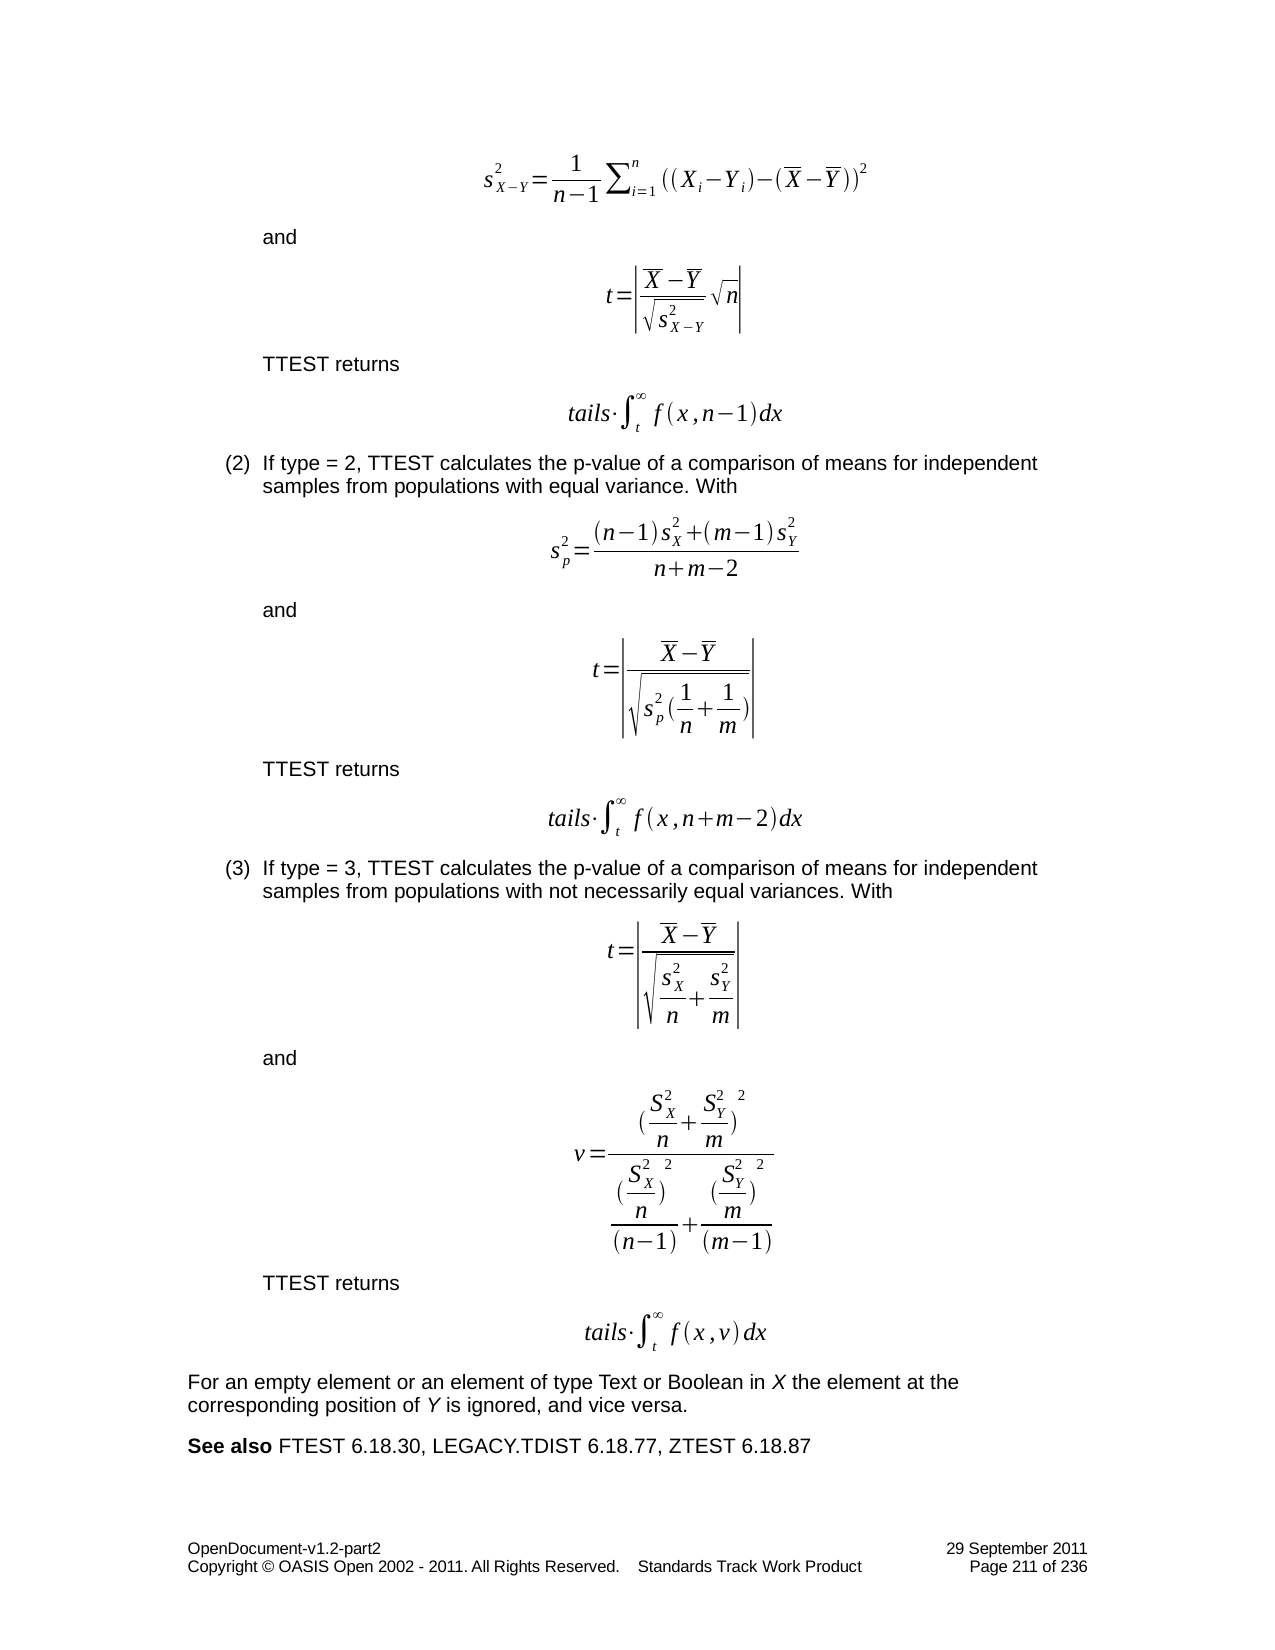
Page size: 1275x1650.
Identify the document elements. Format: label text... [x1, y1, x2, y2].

list TTEST returns [225, 758, 1088, 781]
list If type = 3, TTEST calculates the p-value of a comparison of means for independent samples from populations with not necessarily equal variances. With [225, 856, 1088, 903]
list and [225, 226, 1088, 249]
list TTEST returns [225, 1272, 1088, 1295]
list If type = 2, TTEST calculates the p-value of a comparison of means for independent samples from populations with equal variance. With [225, 451, 1088, 498]
list and [225, 598, 1088, 622]
list TTEST returns [225, 353, 1088, 376]
list and [225, 1047, 1088, 1070]
text See also FTEST 6.18.30, LEGACY.TDIST 6.18.77, ZTEST 6.18.87 [187, 1434, 1088, 1458]
text For an empty element or an element of type Text or Boolean in X the element at the corresponding position of Y is ignored, and vice versa. [187, 1370, 1088, 1417]
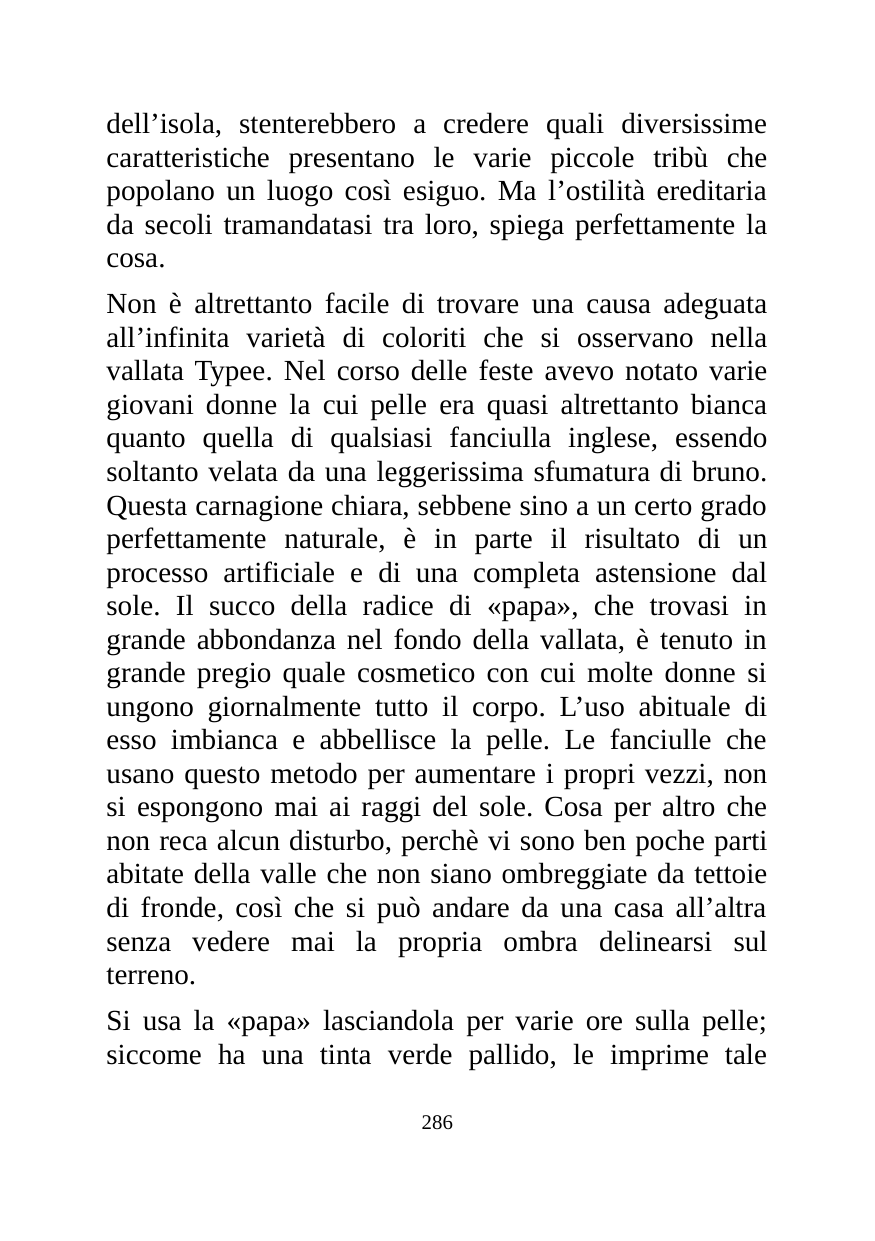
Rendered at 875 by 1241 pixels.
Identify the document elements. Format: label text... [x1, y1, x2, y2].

text dell’isola, stenterebbero a credere quali diversissime caratteristiche presentano le varie piccole tribù che popolano un luogo così esiguo. Ma l’ostilità ereditaria da secoli tramandatasi tra loro, spiega perfettamente la cosa. [106, 106, 768, 274]
text Si usa la «papa» lasciandola per varie ore sulla pelle; siccome ha una tinta verde pallido, le imprime tale [106, 1003, 768, 1070]
text Non è altrettanto facile di trovare una causa adeguata all’infinita varietà di coloriti che si osservano nella vallata Typee. Nel corso delle feste avevo notato varie giovani donne la cui pelle era quasi altrettanto bianca quanto quella di qualsiasi fanciulla inglese, essendo soltanto velata da una leggerissima sfumatura di bruno. Questa carnagione chiara, sebbene sino a un certo grado perfettamente naturale, è in parte il risultato di un processo artificiale e di una completa astensione dal sole. Il succo della radice di «papa», che trovasi in grande abbondanza nel fondo della vallata, è tenuto in grande pregio quale cosmetico con cui molte donne si ungono giornalmente tutto il corpo. L’uso abituale di esso imbianca e abbellisce la pelle. Le fanciulle che usano questo metodo per aumentare i propri vezzi, non si espongono mai ai raggi del sole. Cosa per altro che non reca alcun disturbo, perchè vi sono ben poche parti abitate della valle che non siano ombreggiate da tettoie di fronde, così che si può andare da una casa all’altra senza vedere mai la propria ombra delinearsi sul terreno. [106, 286, 768, 991]
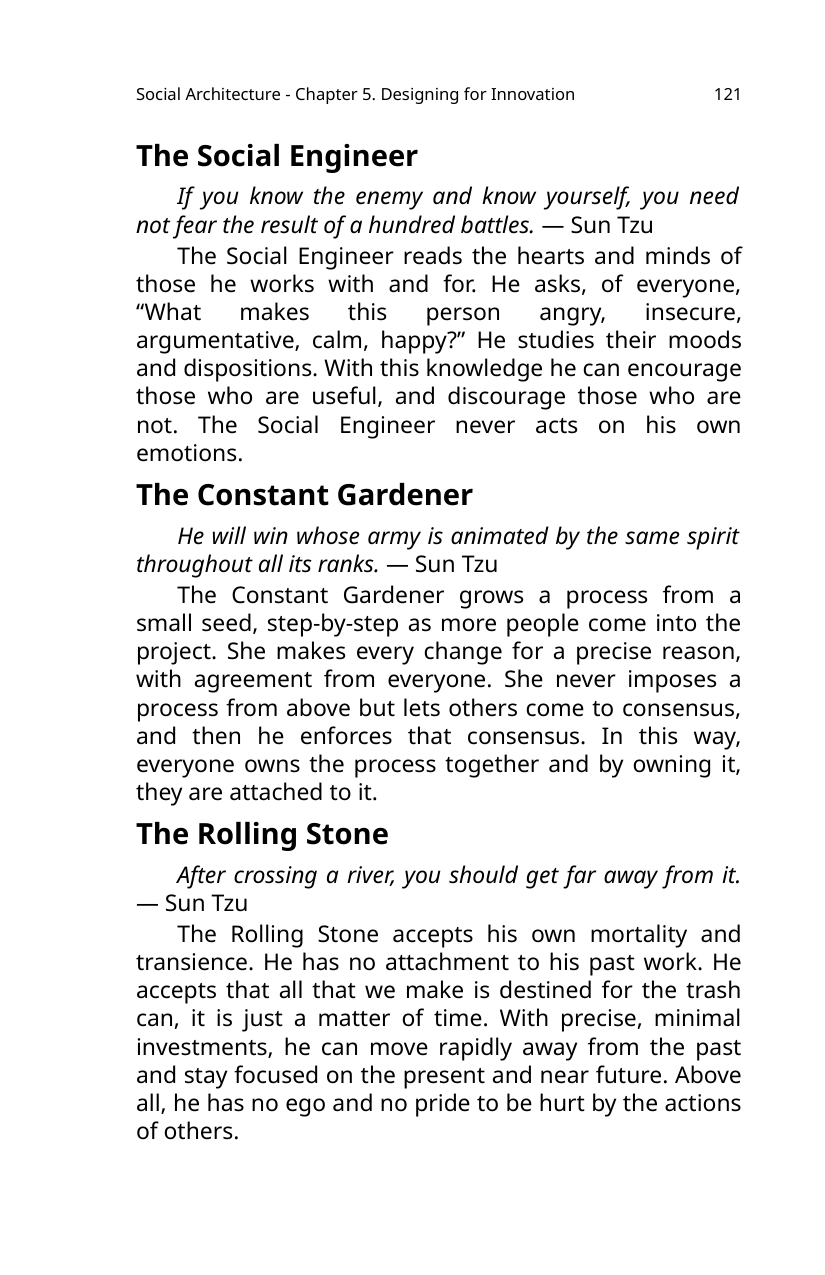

• [Description of the task] Would you give again, exactly, the lines in the data above that run from the line containing "text See also" to the line containing "text Si usa"? Include both ends and no pictures.

• [Result]
text See also FTEST 6.18.30, LEGACY.TDIST 6.18.77, ZTEST 6.18.87 [187, 1434, 1088, 1458]
text For an empty element or an element of type Text or Boolean in X the element at the corresponding position of Y is ignored, and vice versa. [187, 1370, 1088, 1417]
Rendered at 875 by 1241 pixels.
Identify the document elements. Format: label text... [x1, y1, x2, y2].

text dell’isola, stenterebbero a credere quali diversissime caratteristiche presentano le varie piccole tribù che popolano un luogo così esiguo. Ma l’ostilità ereditaria da secoli tramandatasi tra loro, spiega perfettamente la cosa. [106, 106, 768, 274]
text Si usa la «papa» lasciandola per varie ore sulla pelle; siccome ha una tinta verde pallido, le imprime tale [106, 1003, 768, 1070]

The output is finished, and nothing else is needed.